■ **Work instructions**
Where a record holds a picture, leave the picture out; otherwise repeat every record exactly.

____

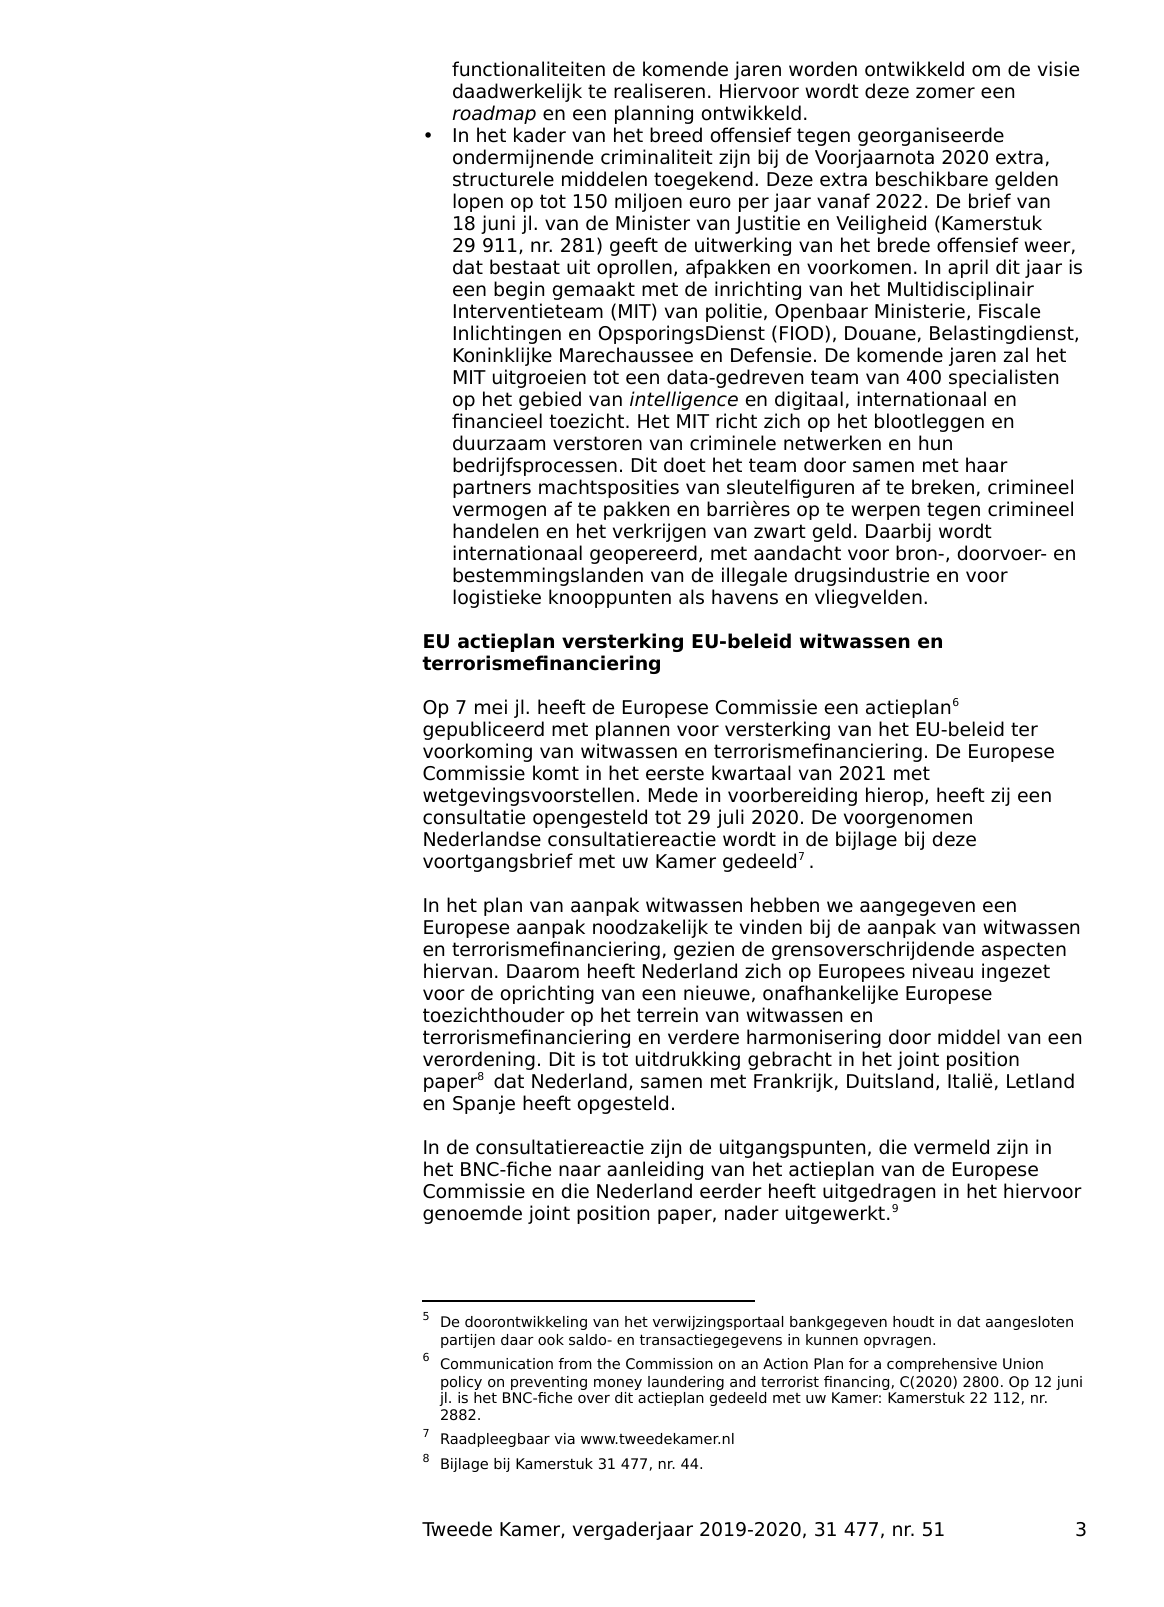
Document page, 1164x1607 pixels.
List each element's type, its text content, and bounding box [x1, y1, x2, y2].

text Raadpleegbaar via www.tweedekamer.nl [422, 1427, 1087, 1449]
text functionaliteiten de komende jaren worden ontwikkeld om de visie daadwerkelijk te realiseren. Hiervoor wordt deze zomer een roadmap en een planning ontwikkeld. [422, 59, 1087, 125]
text Bijlage bij Kamerstuk 31 477, nr. 44. [422, 1452, 1087, 1474]
subtitle EU actieplan versterking EU-beleid witwassen en terrorismefinanciering [422, 631, 1087, 675]
text • In het kader van het breed offensief tegen georganiseerde ondermijnende criminaliteit zijn bij de Voorjaarnota 2020 extra, structurele middelen toegekend. Deze extra beschikbare gelden lopen op tot 150 miljoen euro per jaar vanaf 2022. De brief van 18 juni jl. van de Minister van Justitie en Veiligheid (Kamerstuk 29 911, nr. 281) geeft de uitwerking van het brede offensief weer, dat bestaat uit oprollen, afpakken en voorkomen. In april dit jaar is een begin gemaakt met de inrichting van het Multidisciplinair Interventieteam (MIT) van politie, Openbaar Ministerie, Fiscale Inlichtingen en OpsporingsDienst (FIOD), Douane, Belastingdienst, Koninklijke Marechaussee en Defensie. De komende jaren zal het MIT uitgroeien tot een data-gedreven team van 400 specialisten op het gebied van intelligence en digitaal, internationaal en financieel toezicht. Het MIT richt zich op het blootleggen en duurzaam verstoren van criminele netwerken en hun bedrijfsprocessen. Dit doet het team door samen met haar partners machtsposities van sleutelfiguren af te breken, crimineel vermogen af te pakken en barrières op te werpen tegen crimineel handelen en het verkrijgen van zwart geld. Daarbij wordt internationaal geopereerd, met aandacht voor bron-, doorvoer- en bestemmingslanden van de illegale drugsindustrie en voor logistieke knooppunten als havens en vliegvelden. [422, 125, 1087, 608]
text De doorontwikkeling van het verwijzingsportaal bankgegeven houdt in dat aangesloten partijen daar ook saldo- en transactiegegevens in kunnen opvragen. [422, 1310, 1087, 1349]
text Op 7 mei jl. heeft de Europese Commissie een actieplan gepubliceerd met plannen voor versterking van het EU-beleid ter voorkoming van witwassen en terrorismefinanciering. De Europese Commissie komt in het eerste kwartaal van 2021 met wetgevingsvoorstellen. Mede in voorbereiding hierop, heeft zij een consultatie opengesteld tot 29 juli 2020. De voorgenomen Nederlandse consultatiereactie wordt in de bijlage bij deze voortgangsbrief met uw Kamer gedeeld. [422, 697, 1087, 873]
text In de consultatiereactie zijn de uitgangspunten, die vermeld zijn in het BNC-fiche naar aanleiding van het actieplan van de Europese Commissie en die Nederland eerder heeft uitgedragen in het hiervoor genoemde joint position paper, nader uitgewerkt. [422, 1137, 1087, 1225]
text In het plan van aanpak witwassen hebben we aangegeven een Europese aanpak noodzakelijk te vinden bij de aanpak van witwassen en terrorismefinanciering, gezien de grensoverschrijdende aspecten hiervan. Daarom heeft Nederland zich op Europees niveau ingezet voor de oprichting van een nieuwe, onafhankelijke Europese toezichthouder op het terrein van witwassen en terrorismefinanciering en verdere harmonisering door middel van een verordening. Dit is tot uitdrukking gebracht in het joint position paper dat Nederland, samen met Frankrijk, Duitsland, Italië, Letland en Spanje heeft opgesteld. [422, 895, 1087, 1115]
text Communication from the Commission on an Action Plan for a comprehensive Union policy on preventing money laundering and terrorist financing, C(2020) 2800. Op 12 juni jl. is het BNC-fiche over dit actieplan gedeeld met uw Kamer: Kamerstuk 22 112, nr. 2882. [422, 1352, 1087, 1424]

____

■ **Written solution**
Document page, 1164x1607 pixels.
List each element's type, its text content, and bounding box [x1, y1, x2, y2].

text Raadpleegbaar via www.tweedekamer.nl [422, 1427, 1087, 1449]
text functionaliteiten de komende jaren worden ontwikkeld om de visie daadwerkelijk te realiseren. Hiervoor wordt deze zomer een roadmap en een planning ontwikkeld. [422, 59, 1087, 125]
text Bijlage bij Kamerstuk 31 477, nr. 44. [422, 1452, 1087, 1474]
subtitle EU actieplan versterking EU-beleid witwassen en terrorismefinanciering [422, 631, 1087, 675]
text • In het kader van het breed offensief tegen georganiseerde ondermijnende criminaliteit zijn bij de Voorjaarnota 2020 extra, structurele middelen toegekend. Deze extra beschikbare gelden lopen op tot 150 miljoen euro per jaar vanaf 2022. De brief van 18 juni jl. van de Minister van Justitie en Veiligheid (Kamerstuk 29 911, nr. 281) geeft de uitwerking van het brede offensief weer, dat bestaat uit oprollen, afpakken en voorkomen. In april dit jaar is een begin gemaakt met de inrichting van het Multidisciplinair Interventieteam (MIT) van politie, Openbaar Ministerie, Fiscale Inlichtingen en OpsporingsDienst (FIOD), Douane, Belastingdienst, Koninklijke Marechaussee en Defensie. De komende jaren zal het MIT uitgroeien tot een data-gedreven team van 400 specialisten op het gebied van intelligence en digitaal, internationaal en financieel toezicht. Het MIT richt zich op het blootleggen en duurzaam verstoren van criminele netwerken en hun bedrijfsprocessen. Dit doet het team door samen met haar partners machtsposities van sleutelfiguren af te breken, crimineel vermogen af te pakken en barrières op te werpen tegen crimineel handelen en het verkrijgen van zwart geld. Daarbij wordt internationaal geopereerd, met aandacht voor bron-, doorvoer- en bestemmingslanden van de illegale drugsindustrie en voor logistieke knooppunten als havens en vliegvelden. [422, 125, 1087, 608]
text De doorontwikkeling van het verwijzingsportaal bankgegeven houdt in dat aangesloten partijen daar ook saldo- en transactiegegevens in kunnen opvragen. [422, 1310, 1087, 1349]
text Op 7 mei jl. heeft de Europese Commissie een actieplan gepubliceerd met plannen voor versterking van het EU-beleid ter voorkoming van witwassen en terrorismefinanciering. De Europese Commissie komt in het eerste kwartaal van 2021 met wetgevingsvoorstellen. Mede in voorbereiding hierop, heeft zij een consultatie opengesteld tot 29 juli 2020. De voorgenomen Nederlandse consultatiereactie wordt in de bijlage bij deze voortgangsbrief met uw Kamer gedeeld. [422, 697, 1087, 873]
text In de consultatiereactie zijn de uitgangspunten, die vermeld zijn in het BNC-fiche naar aanleiding van het actieplan van de Europese Commissie en die Nederland eerder heeft uitgedragen in het hiervoor genoemde joint position paper, nader uitgewerkt. [422, 1137, 1087, 1225]
text In het plan van aanpak witwassen hebben we aangegeven een Europese aanpak noodzakelijk te vinden bij de aanpak van witwassen en terrorismefinanciering, gezien de grensoverschrijdende aspecten hiervan. Daarom heeft Nederland zich op Europees niveau ingezet voor de oprichting van een nieuwe, onafhankelijke Europese toezichthouder op het terrein van witwassen en terrorismefinanciering en verdere harmonisering door middel van een verordening. Dit is tot uitdrukking gebracht in het joint position paper dat Nederland, samen met Frankrijk, Duitsland, Italië, Letland en Spanje heeft opgesteld. [422, 895, 1087, 1115]
text Communication from the Commission on an Action Plan for a comprehensive Union policy on preventing money laundering and terrorist financing, C(2020) 2800. Op 12 juni jl. is het BNC-fiche over dit actieplan gedeeld met uw Kamer: Kamerstuk 22 112, nr. 2882. [422, 1352, 1087, 1424]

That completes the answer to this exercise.